It’s been challenging to say the least,” Drake White told Music Mayhem and other media outlets.  

During a show in August 2019, White experienced the unthinkable. He collapsed on stage due to a hemorrhagic stroke that turned his world upside down. At 36 years old, he had to relearn how to walk again and regain the use of his left side. During his recovery, he had a lot of time to sit and write. The result of this difficult time is his second studio album, The Optimysticwhich gives proof that it’s possible to overcome any odds against you.

This is just what White did when he was told by doctors that he may never perform again, the worst thing an artist can hear. The stroke occurred because of a previously diagnosed brain condition known as Arteriovenous Malformation (AVM). After having to undergo multiple procedures and months of intensive physiotherapy to get to where he is now, White is not only releasing a new album, but he has also announced the continuation of his headline, The Optimistic Tour, in the spring.

I’ve had to keep a good sense of humor about it because of all the things that have come our way and all the obstacles that we’ve had to jump through,” he explained. “It’s been a life changing perspective shift for sure. I was always an optimistic dude, but this was the test. You don’t really know if you’re optimistic until you go through something that you have to battle.”

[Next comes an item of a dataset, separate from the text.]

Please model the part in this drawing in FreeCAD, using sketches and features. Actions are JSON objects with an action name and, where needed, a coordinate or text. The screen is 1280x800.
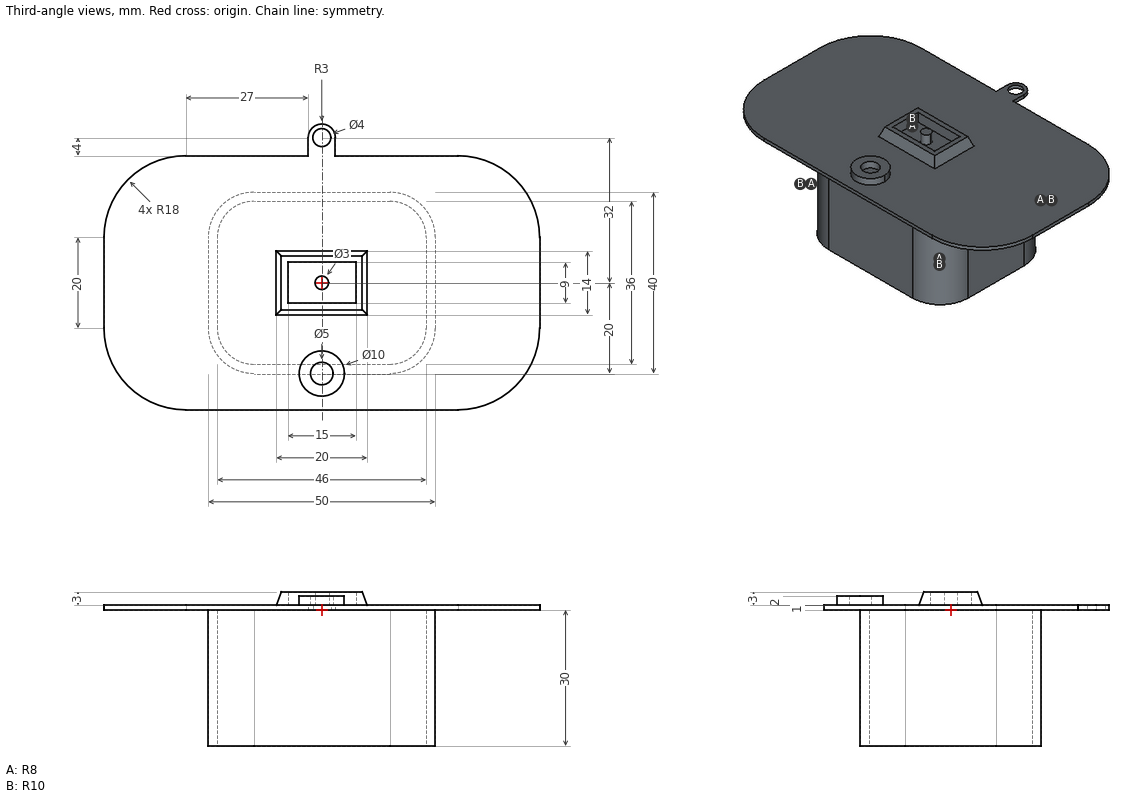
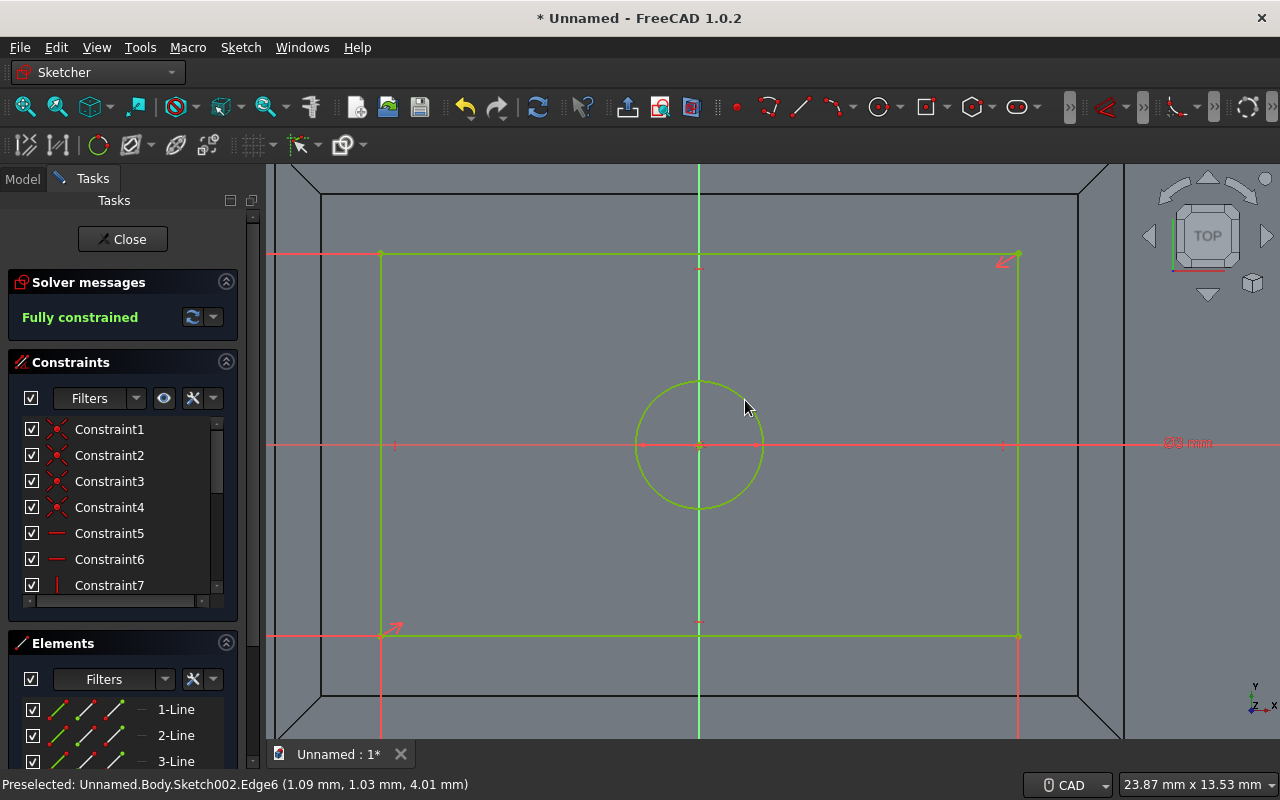
{"action": "left_click", "coordinate": [123, 239]}

White found his true optimism through this journey and he channeled all that energy of fear and uncertainties into this project. He recalled not being able to feel his left toes, yet the only thing on his mind was writing music. He found healing through his songwriting.

All I wanted to do is write about the experience so I could share it with my fans and put it into music. That lets you know really quick that I didn’t think of dying. I didn’t think of not being able to walk. I didn’t think of, ‘Oh, I’m not sure about kids’ or ‘I’m not sure about my future family.’ I thought, ‘where’s my pen at and how can I get this on paper?’”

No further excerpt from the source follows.